▶ _Your assignment_
Scan the material below for every line with the string "starting", and copy those lines.

▶ _Provided material_
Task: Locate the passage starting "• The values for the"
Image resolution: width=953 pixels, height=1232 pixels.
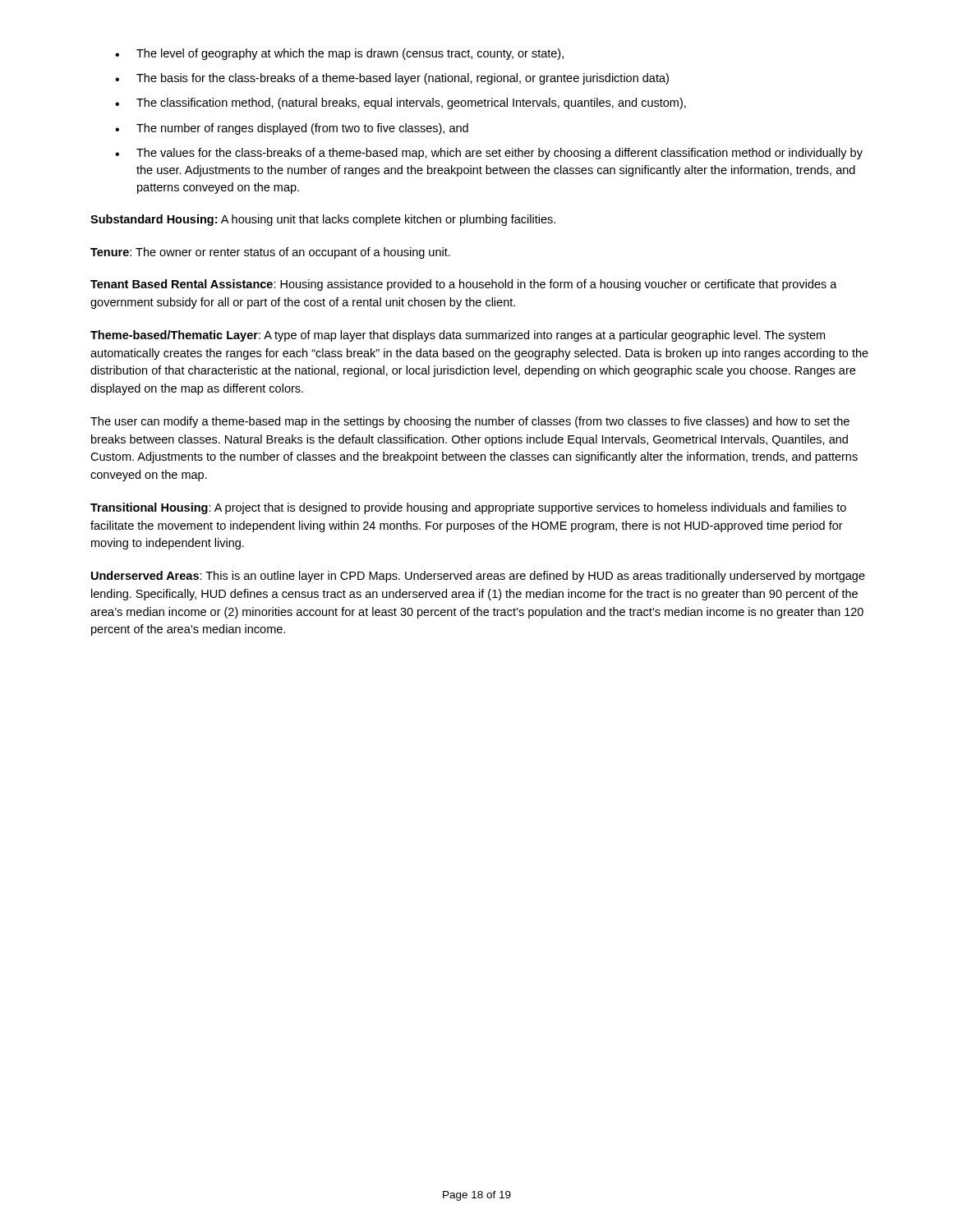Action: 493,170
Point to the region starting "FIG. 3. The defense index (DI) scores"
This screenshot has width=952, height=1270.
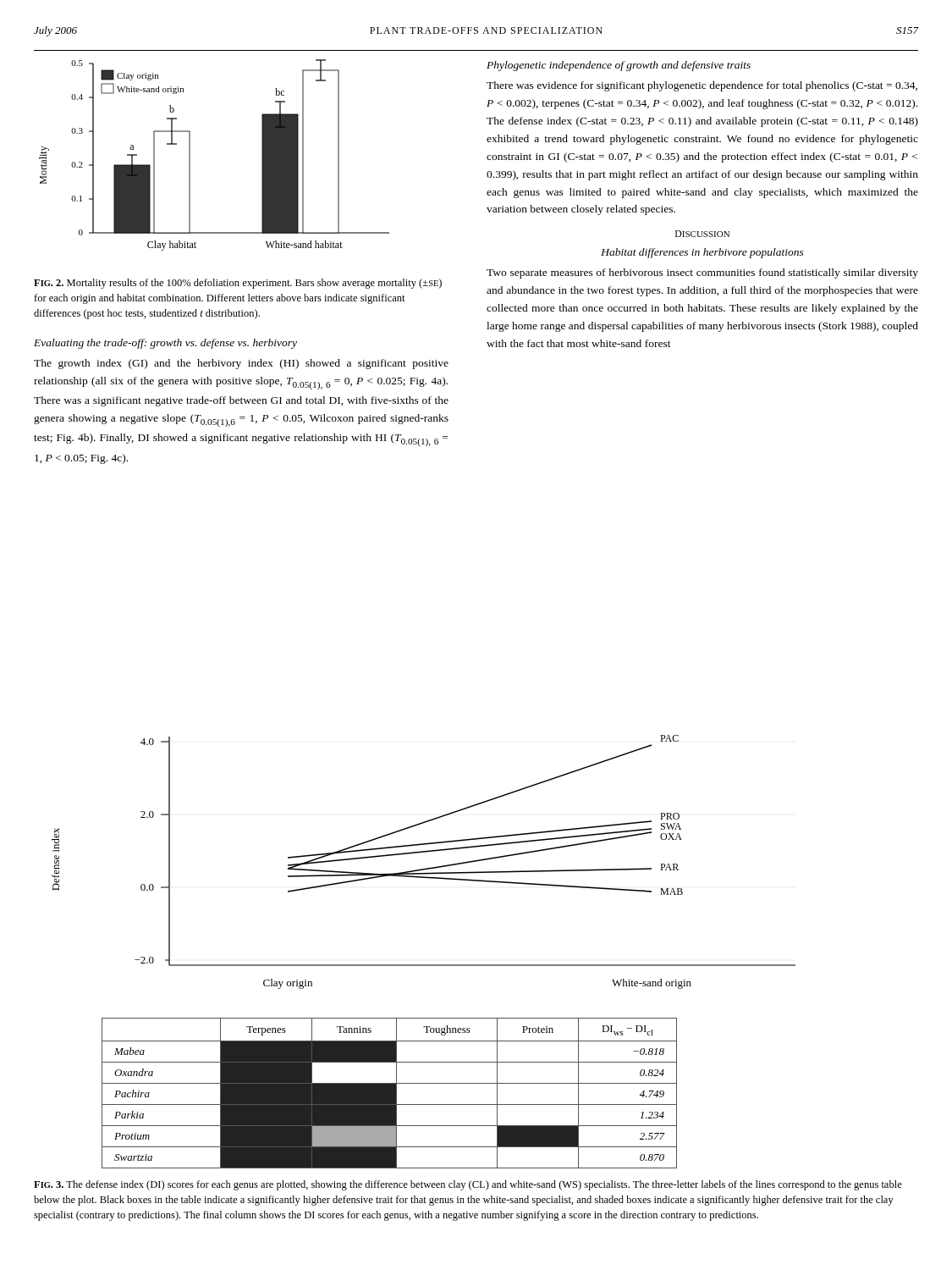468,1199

==

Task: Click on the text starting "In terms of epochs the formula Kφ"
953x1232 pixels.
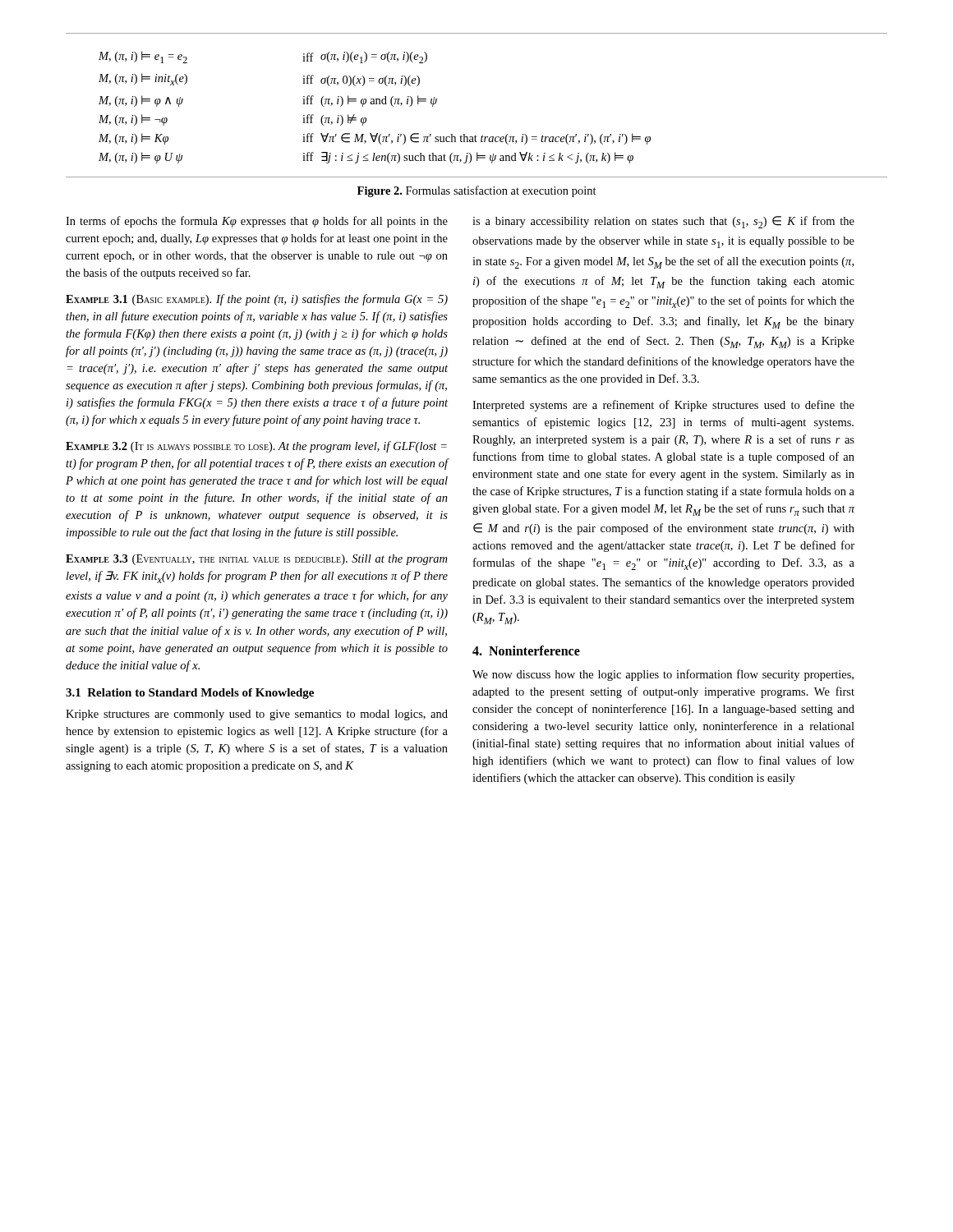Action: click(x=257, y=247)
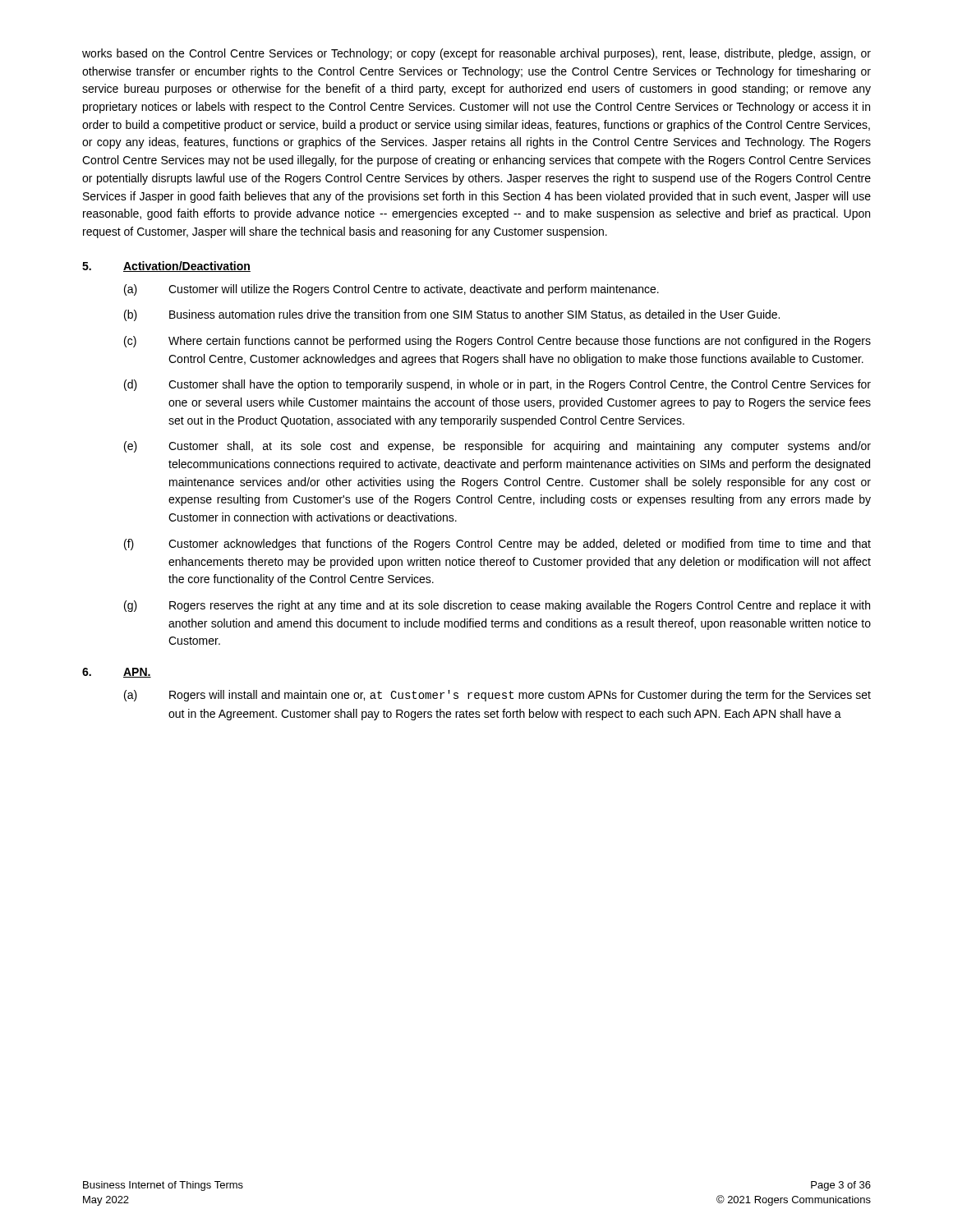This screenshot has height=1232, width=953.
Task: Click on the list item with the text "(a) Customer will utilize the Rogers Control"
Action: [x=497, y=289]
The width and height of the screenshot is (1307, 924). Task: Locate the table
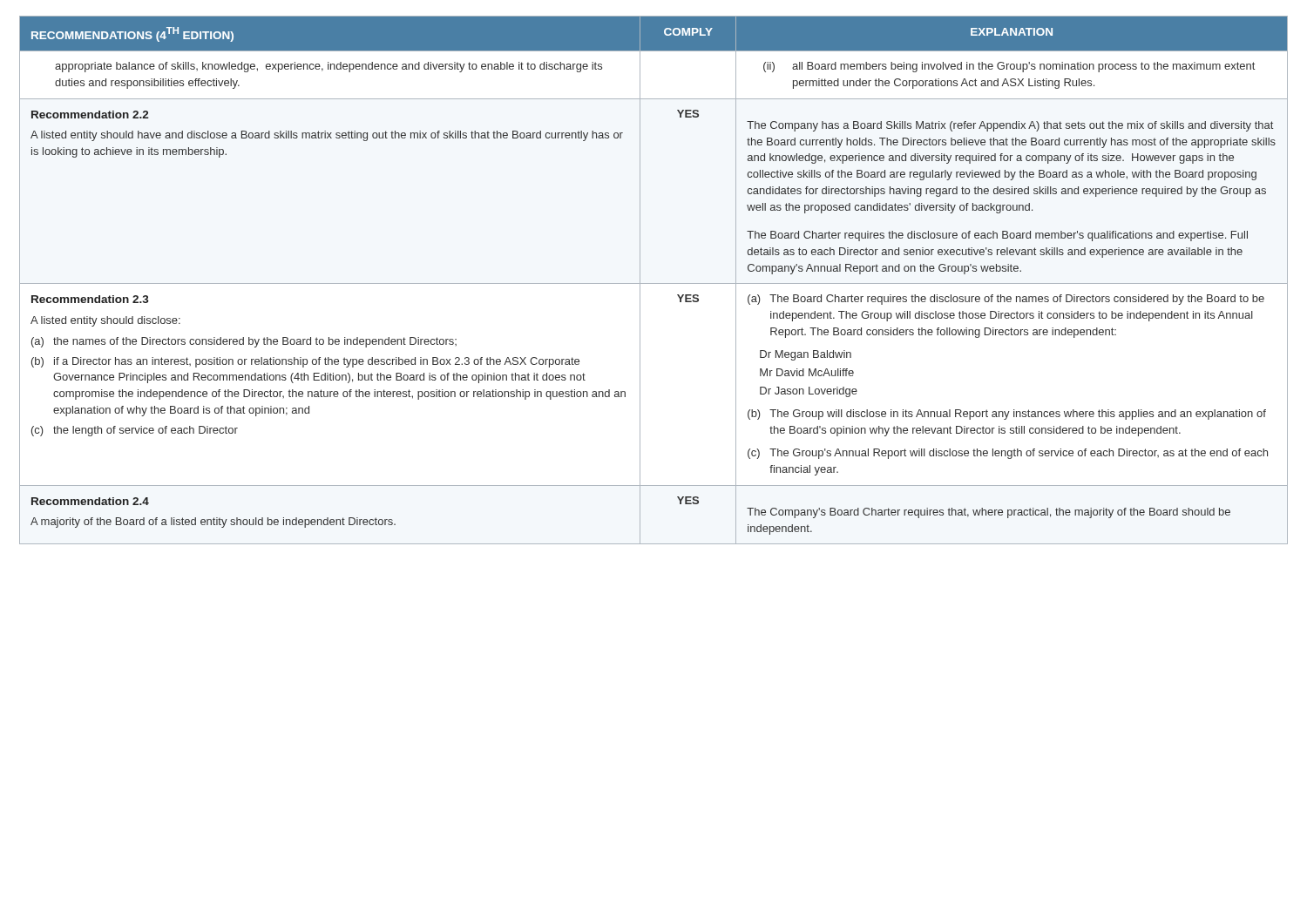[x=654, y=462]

--

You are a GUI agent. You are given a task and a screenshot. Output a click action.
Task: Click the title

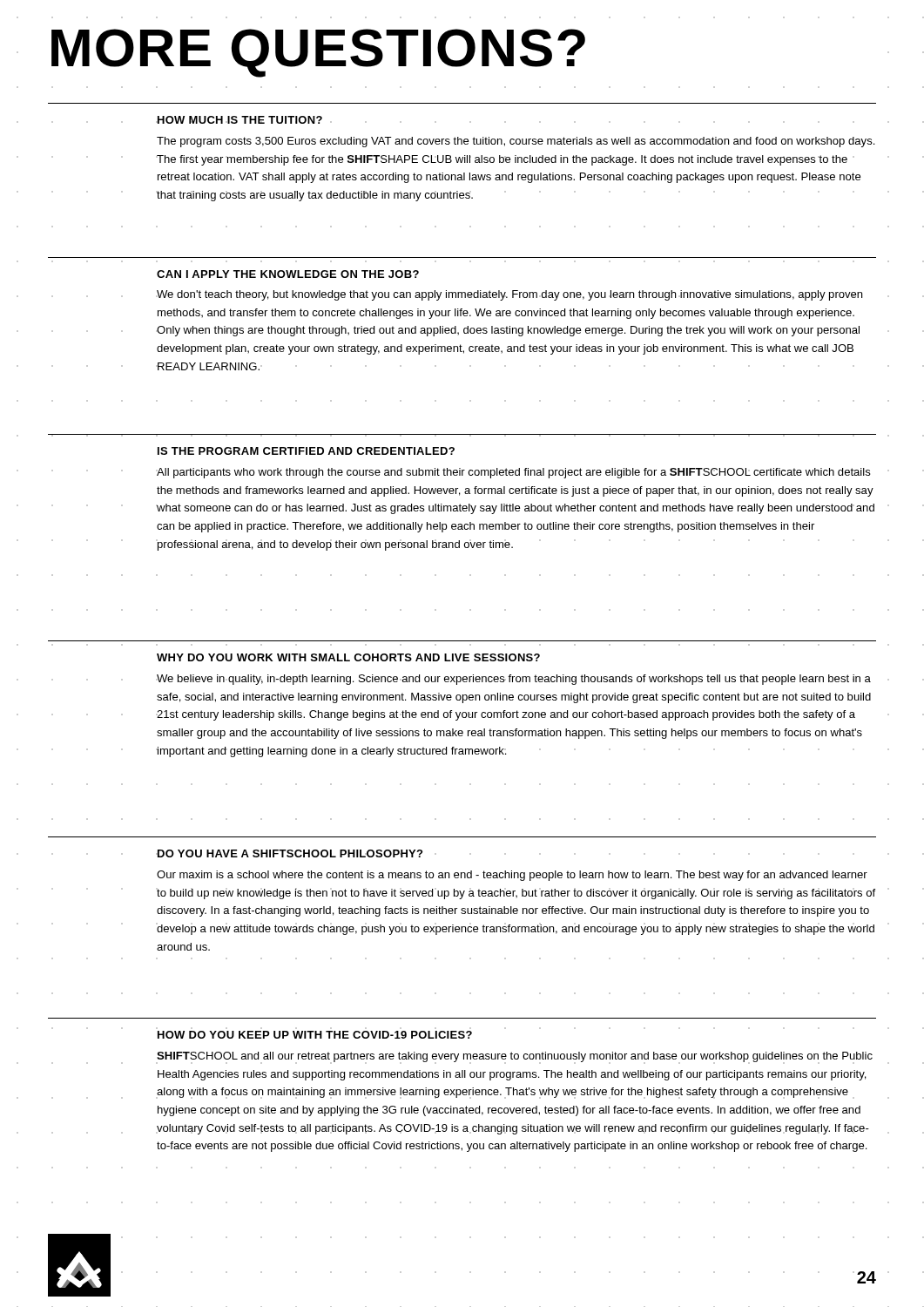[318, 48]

▶ _Expected answer_
Task: Locate the passage starting "• The values for the"
Point to the region starting "FIG. 3. The defense index (DI) scores"
Task: Click on the text starting "In terms of epochs the formula Kφ"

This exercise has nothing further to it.